▸ **Requirement**
Nothing but the text of the listing, repeated exactly, belongs in the answer; leave the images out.

▸ **Records for the task**
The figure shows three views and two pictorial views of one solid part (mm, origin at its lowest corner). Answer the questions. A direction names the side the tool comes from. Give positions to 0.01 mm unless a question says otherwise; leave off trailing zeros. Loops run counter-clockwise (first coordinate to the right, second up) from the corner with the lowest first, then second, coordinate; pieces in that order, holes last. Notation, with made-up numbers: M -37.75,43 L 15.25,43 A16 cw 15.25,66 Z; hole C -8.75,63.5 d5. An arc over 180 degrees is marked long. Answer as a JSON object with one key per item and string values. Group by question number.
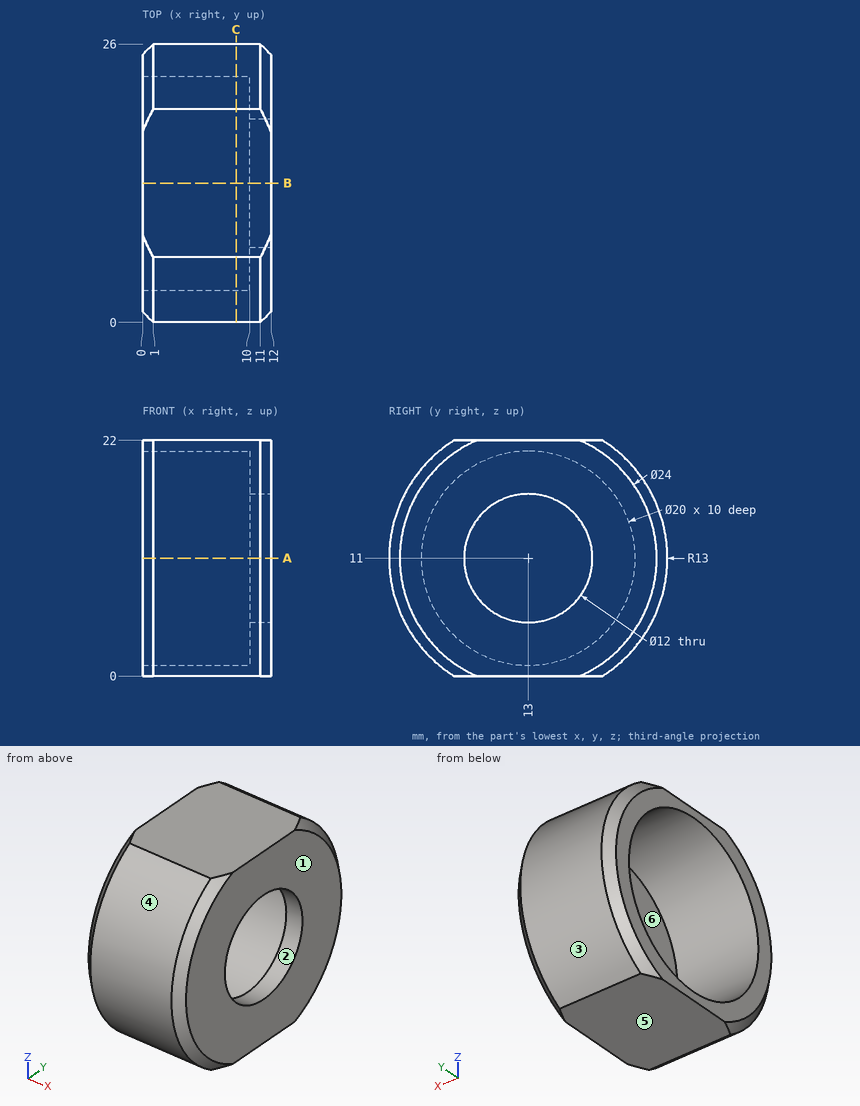
Item 1: Find the intervals of material crossed by probe 1 along Z at (x, y) = (11.4, 13); probe 2 along Z at (x, y) = (5.5, 13); probe 3 along X at (y, z) = (6.75, 4), in increasing order. Write a range as [from, to].
Item 2: A cutting plane is placed at C-C (x = 8.75). Determine the outline of the cut face in (y, z).
Item 3: A cutting plane is placed at B-B (y = 13). Determine the outline of the cut face in (x, z), and give its area (3 significant figures).
Item 4: A tool of negligible diameter and unlimited length cuts with its end or side. For the marked faces 5 and 6, from which of +Z, -Z, +X, -X, +Y, -Y can it reach the whole face along a straight path? Write none if from no direction.
Item 5: For a pull along Y with two mould halves and no side action, classify the marked faces 1, 2, 3 and 4 as pulls with the +Y half, pulls with the -Y half, needs draft (parallel to the pull), parting line crosses it, or undercut.
Item 6: A cutting plane is placed at A-A (z = 11). Determine the outline of the cut face in (x, y).
Item 7: Given pin 1 Ø3 at (x, y) = (5, 5.5) entering from +Z; pin 2 Ø1.5 at (y, z) = (10, 17.5) entering from -X; pin 3 Ø1.5 at (x, z) = (10, 15.5) entering from +Y; pin 4 Ø1.5 at (x, z) = (1.5, 15) entering from +Y, each flat-ended and moving along its own axis, determine where each tip first touches the part or whether it passes through.
The answers:
{
 "1": {"probe 1": "z = [0, 5], [17, 22]", "probe 2": "z = [0, 1], [21, 22]", "probe 3": "x = [10, 12]"},
 "2": {"outline": "M 6.07,0 L 19.93,0 A13 ccw 19.93,22 L 6.07,22 A13 ccw Z; hole C 13,11 d20"},
 "3": {"outline": "M 0,0 L 12,0 L 12,5 L 10,5 L 10,1 L 0,1 Z; M 0,21 L 10,21 L 10,17 L 12,17 L 12,22 L 0,22 Z", "area": "40.0 mm^2"},
 "4": {"face 5": "-Z, +X, -X, +Y, -Y", "face 6": "-X"},
 "5": {"face 1": "needs draft", "face 2": "undercut", "face 3": "pulls with the +Y half", "face 4": "pulls with the -Y half"},
 "6": {"outline": "M 0,1 L 1,0 L 11,0 L 12,1 L 12,7 L 10,7 L 10,3 L 0,3 Z; M 0,23 L 10,23 L 10,19 L 12,19 L 12,25 L 11,26 L 1,26 L 0,25 Z"},
 "7": {"pin 1": "stops at z = 22", "pin 2": "stops at x = 10", "pin 3": "stops at y = 25.45", "pin 4": "stops at y = 25.59"}
}

▸ **Response box**
The figure shows three views and two pictorial views of one solid part (mm, origin at its lowest corner). Answer the questions. A direction names the side the tool comes from. Give positions to 0.01 mm unless a question says otherwise; leave off trailing zeros. Loops run counter-clockwise (first coordinate to the right, second up) from the corner with the lowest first, then second, coordinate; pieces in that order, holes last. Notation, with made-up numbers: M -37.75,43 L 15.25,43 A16 cw 15.25,66 Z; hole C -8.75,63.5 d5. An arc over 180 degrees is marked long. Answer as a JSON object with one key per item and string values. Group by question number.
Item 1: Find the intervals of material crossed by probe 1 along Z at (x, y) = (11.4, 13); probe 2 along Z at (x, y) = (5.5, 13); probe 3 along X at (y, z) = (6.75, 4), in increasing order. Write a range as [from, to].
Item 2: A cutting plane is placed at C-C (x = 8.75). Determine the outline of the cut face in (y, z).
Item 3: A cutting plane is placed at B-B (y = 13). Determine the outline of the cut face in (x, z), and give its area (3 significant figures).
Item 4: A tool of negligible diameter and unlimited length cuts with its end or side. For the marked faces 5 and 6, from which of +Z, -Z, +X, -X, +Y, -Y can it reach the whole face along a straight path? Write none if from no direction.
Item 5: For a pull along Y with two mould halves and no side action, classify the marked faces 1, 2, 3 and 4 as pulls with the +Y half, pulls with the -Y half, needs draft (parallel to the pull), parting line crosses it, or undercut.
Item 6: A cutting plane is placed at A-A (z = 11). Determine the outline of the cut face in (x, y).
Item 7: Given pin 1 Ø3 at (x, y) = (5, 5.5) entering from +Z; pin 2 Ø1.5 at (y, z) = (10, 17.5) entering from -X; pin 3 Ø1.5 at (x, z) = (10, 15.5) entering from +Y; pin 4 Ø1.5 at (x, z) = (1.5, 15) entering from +Y, each flat-ended and moving along its own axis, determine where each tip first touches the part or whether it passes through.
The answers:
{
 "1": {"probe 1": "z = [0, 5], [17, 22]", "probe 2": "z = [0, 1], [21, 22]", "probe 3": "x = [10, 12]"},
 "2": {"outline": "M 6.07,0 L 19.93,0 A13 ccw 19.93,22 L 6.07,22 A13 ccw Z; hole C 13,11 d20"},
 "3": {"outline": "M 0,0 L 12,0 L 12,5 L 10,5 L 10,1 L 0,1 Z; M 0,21 L 10,21 L 10,17 L 12,17 L 12,22 L 0,22 Z", "area": "40.0 mm^2"},
 "4": {"face 5": "-Z, +X, -X, +Y, -Y", "face 6": "-X"},
 "5": {"face 1": "needs draft", "face 2": "undercut", "face 3": "pulls with the +Y half", "face 4": "pulls with the -Y half"},
 "6": {"outline": "M 0,1 L 1,0 L 11,0 L 12,1 L 12,7 L 10,7 L 10,3 L 0,3 Z; M 0,23 L 10,23 L 10,19 L 12,19 L 12,25 L 11,26 L 1,26 L 0,25 Z"},
 "7": {"pin 1": "stops at z = 22", "pin 2": "stops at x = 10", "pin 3": "stops at y = 25.45", "pin 4": "stops at y = 25.59"}
}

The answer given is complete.